(Data entries)
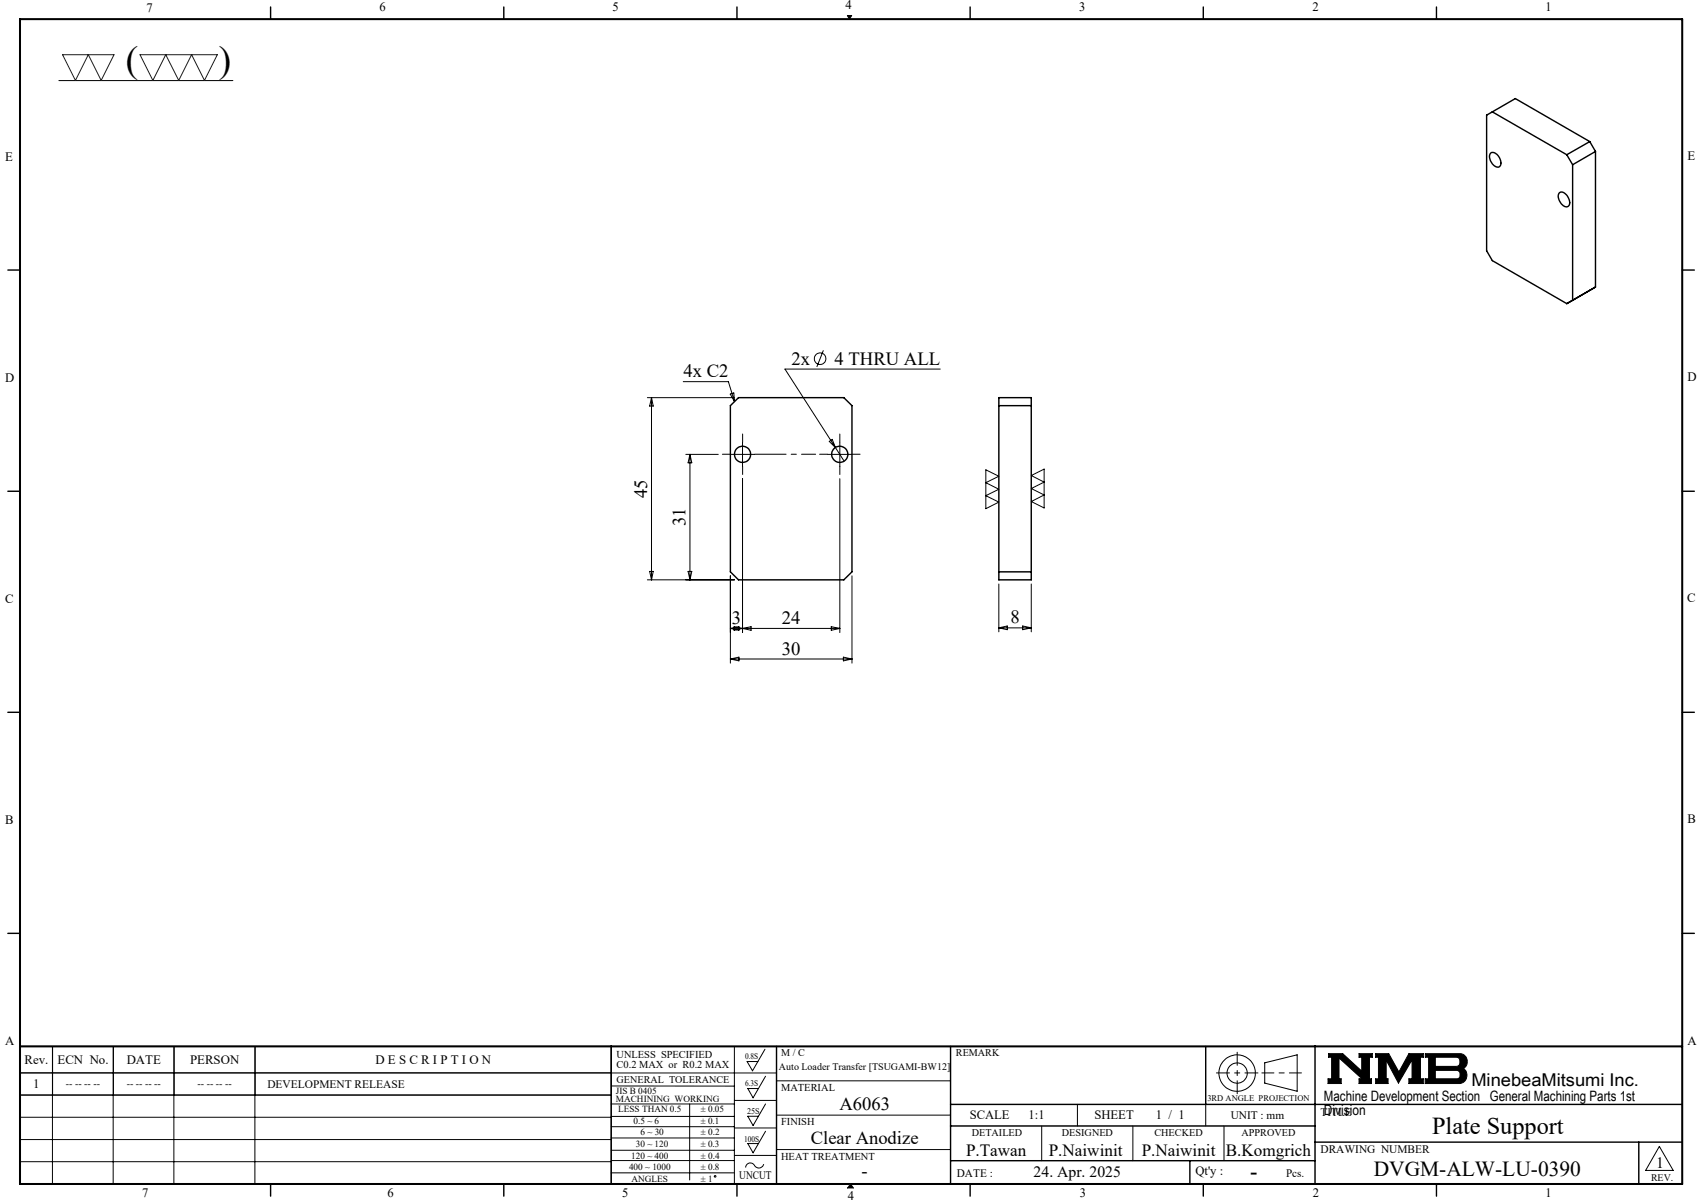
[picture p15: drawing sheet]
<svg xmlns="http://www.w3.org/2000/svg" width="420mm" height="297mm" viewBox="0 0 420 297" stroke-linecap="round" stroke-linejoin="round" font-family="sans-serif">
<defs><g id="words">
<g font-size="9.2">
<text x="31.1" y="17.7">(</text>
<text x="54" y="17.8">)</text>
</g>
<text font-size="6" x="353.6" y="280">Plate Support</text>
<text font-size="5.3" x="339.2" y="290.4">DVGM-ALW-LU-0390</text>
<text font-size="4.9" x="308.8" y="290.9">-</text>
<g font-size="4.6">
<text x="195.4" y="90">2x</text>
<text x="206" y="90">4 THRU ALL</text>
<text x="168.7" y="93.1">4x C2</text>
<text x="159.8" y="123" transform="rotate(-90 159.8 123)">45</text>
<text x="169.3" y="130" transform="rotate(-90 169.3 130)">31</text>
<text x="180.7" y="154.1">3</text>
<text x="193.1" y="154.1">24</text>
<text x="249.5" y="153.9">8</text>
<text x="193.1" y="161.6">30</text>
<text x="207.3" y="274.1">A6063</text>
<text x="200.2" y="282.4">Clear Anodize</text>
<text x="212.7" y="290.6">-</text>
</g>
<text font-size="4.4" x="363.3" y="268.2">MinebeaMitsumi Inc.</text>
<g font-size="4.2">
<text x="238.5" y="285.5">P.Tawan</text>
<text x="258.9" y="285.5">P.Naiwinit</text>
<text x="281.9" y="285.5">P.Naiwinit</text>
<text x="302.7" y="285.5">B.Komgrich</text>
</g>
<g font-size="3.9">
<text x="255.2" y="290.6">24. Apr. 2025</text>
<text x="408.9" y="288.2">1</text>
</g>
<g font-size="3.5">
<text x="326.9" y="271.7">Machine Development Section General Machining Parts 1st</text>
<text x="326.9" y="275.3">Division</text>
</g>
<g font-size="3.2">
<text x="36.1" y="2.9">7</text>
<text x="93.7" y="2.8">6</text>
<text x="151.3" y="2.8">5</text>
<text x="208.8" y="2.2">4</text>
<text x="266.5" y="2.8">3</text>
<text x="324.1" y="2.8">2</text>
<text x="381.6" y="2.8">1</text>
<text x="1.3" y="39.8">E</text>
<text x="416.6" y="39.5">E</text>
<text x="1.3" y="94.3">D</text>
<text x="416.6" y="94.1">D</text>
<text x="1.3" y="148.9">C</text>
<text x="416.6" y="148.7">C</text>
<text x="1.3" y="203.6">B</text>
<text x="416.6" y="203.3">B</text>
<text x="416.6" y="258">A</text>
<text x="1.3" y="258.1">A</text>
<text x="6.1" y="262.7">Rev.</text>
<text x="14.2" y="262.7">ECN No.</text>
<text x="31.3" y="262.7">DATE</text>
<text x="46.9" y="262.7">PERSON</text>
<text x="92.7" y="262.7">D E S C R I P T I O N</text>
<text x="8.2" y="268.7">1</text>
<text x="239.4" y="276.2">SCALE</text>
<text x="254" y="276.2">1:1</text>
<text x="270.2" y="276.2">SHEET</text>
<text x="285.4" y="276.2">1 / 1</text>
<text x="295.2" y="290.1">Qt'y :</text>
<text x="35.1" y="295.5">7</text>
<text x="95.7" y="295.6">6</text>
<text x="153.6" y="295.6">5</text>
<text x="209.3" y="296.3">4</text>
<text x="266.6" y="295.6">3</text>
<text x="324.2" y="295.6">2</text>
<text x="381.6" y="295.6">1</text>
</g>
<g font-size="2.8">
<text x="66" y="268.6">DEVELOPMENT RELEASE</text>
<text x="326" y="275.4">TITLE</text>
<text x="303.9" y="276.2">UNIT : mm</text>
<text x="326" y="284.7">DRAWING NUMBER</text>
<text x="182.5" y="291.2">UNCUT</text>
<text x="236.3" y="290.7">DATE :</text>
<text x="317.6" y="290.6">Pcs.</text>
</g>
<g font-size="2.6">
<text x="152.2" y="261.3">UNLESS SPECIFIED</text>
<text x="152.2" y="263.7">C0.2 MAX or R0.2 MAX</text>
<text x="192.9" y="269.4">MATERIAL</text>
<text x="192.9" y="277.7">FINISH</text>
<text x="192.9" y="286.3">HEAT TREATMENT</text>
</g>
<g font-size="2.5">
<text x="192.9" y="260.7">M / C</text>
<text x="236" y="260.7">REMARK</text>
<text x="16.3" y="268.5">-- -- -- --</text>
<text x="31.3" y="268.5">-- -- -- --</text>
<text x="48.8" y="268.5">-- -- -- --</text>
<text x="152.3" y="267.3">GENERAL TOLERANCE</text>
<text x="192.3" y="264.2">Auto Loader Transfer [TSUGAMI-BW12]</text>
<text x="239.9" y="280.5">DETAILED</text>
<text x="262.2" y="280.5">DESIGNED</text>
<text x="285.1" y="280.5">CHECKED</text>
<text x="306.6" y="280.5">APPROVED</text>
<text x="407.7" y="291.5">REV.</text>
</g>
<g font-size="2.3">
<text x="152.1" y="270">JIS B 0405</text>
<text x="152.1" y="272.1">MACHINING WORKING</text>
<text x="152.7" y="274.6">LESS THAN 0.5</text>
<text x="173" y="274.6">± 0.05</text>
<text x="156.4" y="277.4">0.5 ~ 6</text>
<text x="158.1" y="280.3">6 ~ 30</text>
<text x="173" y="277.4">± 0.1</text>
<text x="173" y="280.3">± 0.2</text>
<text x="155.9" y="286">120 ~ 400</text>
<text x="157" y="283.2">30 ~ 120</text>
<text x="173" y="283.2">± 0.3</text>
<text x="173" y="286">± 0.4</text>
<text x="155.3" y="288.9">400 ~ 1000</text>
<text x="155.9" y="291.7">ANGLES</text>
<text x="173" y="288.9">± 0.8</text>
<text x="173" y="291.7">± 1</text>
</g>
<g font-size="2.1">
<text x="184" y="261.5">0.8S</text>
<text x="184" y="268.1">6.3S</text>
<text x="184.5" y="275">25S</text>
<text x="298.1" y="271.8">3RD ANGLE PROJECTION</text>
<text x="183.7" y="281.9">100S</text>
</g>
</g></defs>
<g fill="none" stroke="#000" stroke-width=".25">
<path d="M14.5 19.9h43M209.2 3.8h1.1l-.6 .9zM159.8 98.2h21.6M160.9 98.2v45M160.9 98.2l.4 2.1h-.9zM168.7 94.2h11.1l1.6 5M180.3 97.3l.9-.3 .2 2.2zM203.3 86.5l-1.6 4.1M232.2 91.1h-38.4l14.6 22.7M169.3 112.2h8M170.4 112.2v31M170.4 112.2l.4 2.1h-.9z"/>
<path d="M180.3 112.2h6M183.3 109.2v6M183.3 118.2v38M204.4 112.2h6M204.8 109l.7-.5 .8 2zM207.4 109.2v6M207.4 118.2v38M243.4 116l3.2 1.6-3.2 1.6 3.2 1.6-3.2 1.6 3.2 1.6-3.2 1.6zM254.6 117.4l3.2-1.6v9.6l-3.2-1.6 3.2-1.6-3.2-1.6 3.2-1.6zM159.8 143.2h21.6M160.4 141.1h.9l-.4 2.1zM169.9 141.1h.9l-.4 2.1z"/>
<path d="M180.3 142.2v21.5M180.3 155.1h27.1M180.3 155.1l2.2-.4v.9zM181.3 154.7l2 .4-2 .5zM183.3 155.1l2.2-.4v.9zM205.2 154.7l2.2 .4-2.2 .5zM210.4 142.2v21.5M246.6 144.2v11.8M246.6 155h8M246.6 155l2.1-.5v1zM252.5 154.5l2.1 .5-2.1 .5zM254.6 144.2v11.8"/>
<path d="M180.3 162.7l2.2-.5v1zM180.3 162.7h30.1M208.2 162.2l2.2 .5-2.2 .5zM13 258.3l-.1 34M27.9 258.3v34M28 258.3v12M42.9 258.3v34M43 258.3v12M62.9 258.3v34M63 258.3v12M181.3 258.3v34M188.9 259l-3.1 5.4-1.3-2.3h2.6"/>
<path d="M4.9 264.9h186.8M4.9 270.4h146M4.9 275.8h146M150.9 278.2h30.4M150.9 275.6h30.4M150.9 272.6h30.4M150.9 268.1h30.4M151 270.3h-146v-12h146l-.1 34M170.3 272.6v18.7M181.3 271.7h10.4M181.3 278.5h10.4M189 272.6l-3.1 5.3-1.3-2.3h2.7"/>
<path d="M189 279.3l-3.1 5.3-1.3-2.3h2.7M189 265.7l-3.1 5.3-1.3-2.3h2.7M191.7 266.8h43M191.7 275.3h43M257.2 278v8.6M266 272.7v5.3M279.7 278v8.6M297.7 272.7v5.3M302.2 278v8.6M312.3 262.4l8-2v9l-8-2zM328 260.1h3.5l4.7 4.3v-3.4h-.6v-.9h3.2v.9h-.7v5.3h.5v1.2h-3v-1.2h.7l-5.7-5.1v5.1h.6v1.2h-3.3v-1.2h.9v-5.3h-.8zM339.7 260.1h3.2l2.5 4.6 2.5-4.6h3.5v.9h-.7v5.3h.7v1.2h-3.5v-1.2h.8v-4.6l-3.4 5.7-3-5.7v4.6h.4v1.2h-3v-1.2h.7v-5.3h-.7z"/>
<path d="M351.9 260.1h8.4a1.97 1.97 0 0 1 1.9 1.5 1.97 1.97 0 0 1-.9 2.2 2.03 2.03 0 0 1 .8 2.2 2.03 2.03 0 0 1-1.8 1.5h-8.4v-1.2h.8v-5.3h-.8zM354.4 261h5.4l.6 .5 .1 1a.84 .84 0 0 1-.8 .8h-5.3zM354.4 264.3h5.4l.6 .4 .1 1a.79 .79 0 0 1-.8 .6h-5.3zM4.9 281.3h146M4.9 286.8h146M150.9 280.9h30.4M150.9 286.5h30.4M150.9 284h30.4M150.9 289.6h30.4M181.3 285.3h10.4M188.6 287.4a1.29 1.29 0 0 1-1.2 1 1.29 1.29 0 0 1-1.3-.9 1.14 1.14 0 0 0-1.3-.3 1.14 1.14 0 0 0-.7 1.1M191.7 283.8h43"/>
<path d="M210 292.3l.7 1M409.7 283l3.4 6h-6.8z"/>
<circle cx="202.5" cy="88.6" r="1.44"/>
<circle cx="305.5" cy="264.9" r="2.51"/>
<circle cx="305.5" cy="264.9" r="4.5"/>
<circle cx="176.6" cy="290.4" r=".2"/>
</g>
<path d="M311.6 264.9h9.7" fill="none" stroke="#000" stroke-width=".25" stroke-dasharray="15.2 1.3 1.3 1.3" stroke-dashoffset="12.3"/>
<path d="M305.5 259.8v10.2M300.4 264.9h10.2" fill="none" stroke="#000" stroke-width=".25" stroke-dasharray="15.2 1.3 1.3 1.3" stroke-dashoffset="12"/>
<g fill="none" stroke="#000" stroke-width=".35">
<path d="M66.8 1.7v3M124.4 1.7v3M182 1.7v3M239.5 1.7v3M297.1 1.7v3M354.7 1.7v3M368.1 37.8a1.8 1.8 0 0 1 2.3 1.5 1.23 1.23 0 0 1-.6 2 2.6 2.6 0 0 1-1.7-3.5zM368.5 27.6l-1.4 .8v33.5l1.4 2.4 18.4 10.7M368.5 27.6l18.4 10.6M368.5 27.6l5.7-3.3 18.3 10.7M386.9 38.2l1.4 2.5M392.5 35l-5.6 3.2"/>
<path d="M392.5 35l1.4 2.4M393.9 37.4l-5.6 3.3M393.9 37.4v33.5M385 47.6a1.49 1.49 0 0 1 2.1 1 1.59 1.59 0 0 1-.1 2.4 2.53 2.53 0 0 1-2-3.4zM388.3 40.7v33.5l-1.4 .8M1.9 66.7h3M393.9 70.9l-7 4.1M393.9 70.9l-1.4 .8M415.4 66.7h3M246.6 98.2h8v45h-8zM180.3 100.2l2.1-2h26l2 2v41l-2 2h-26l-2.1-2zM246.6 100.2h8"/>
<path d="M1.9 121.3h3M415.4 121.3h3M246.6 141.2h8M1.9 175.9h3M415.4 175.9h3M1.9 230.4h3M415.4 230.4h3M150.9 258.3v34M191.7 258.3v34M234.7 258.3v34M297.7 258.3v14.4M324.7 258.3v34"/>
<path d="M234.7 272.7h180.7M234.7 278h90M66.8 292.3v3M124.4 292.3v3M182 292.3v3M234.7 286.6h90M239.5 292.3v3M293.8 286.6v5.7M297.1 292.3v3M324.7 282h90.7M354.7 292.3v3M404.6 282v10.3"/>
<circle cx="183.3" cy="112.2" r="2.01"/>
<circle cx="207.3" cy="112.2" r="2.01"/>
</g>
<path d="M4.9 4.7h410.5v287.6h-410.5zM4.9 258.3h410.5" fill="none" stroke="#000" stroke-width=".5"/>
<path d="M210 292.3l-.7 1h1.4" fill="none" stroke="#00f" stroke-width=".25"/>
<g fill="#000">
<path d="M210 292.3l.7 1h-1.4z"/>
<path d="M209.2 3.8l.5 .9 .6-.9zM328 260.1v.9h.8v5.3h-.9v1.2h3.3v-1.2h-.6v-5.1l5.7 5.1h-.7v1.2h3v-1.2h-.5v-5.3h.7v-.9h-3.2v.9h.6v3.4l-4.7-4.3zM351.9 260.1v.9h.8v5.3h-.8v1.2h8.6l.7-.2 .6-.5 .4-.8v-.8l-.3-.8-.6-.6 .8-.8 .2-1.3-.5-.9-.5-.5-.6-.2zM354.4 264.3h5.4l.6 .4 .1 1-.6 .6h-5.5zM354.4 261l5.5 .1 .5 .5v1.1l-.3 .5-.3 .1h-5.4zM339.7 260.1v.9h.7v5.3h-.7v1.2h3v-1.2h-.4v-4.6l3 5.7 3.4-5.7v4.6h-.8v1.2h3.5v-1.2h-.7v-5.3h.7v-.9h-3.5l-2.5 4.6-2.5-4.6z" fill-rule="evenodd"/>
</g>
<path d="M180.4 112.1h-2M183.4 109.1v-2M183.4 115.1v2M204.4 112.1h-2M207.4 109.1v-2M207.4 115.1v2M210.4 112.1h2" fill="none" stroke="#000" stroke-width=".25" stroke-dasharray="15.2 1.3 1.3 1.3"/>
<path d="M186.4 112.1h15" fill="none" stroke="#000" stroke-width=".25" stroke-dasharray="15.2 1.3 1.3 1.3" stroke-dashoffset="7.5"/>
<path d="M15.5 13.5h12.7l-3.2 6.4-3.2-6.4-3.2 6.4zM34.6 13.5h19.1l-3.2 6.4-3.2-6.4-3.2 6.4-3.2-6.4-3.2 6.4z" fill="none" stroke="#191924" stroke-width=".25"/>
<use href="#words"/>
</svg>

YOUR OBJECTIVE:
Filter these records, keeping every line where the word "transform" occurs.

EXERCISE RESPONSE:
<text x="159.8" y="123" transform="rotate(-90 159.8 123)">45</text>
<text x="169.3" y="130" transform="rotate(-90 169.3 130)">31</text>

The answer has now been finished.